==== Source records ====

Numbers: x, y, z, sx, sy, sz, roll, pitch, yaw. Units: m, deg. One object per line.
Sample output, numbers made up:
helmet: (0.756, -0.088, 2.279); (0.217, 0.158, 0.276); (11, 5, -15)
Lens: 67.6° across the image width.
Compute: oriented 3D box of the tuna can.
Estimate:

====
==== Source records ====

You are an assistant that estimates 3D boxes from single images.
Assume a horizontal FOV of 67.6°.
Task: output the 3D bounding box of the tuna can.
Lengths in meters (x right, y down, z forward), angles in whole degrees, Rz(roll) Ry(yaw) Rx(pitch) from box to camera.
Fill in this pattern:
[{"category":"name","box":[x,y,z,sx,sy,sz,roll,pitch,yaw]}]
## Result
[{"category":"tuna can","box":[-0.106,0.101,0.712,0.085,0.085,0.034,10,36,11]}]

====

Please give an exact copy of the entries above, from the line with "Assume a horizontal FOV of 67.6°." down to the line with "Fill in this", inclusive, and nothing else.

Assume a horizontal FOV of 67.6°.
Task: output the 3D bounding box of the tuna can.
Lengths in meters (x right, y down, z forward), angles in whole degrees, Rz(roll) Ry(yaw) Rx(pitch) from box to camera.
Fill in this pattern:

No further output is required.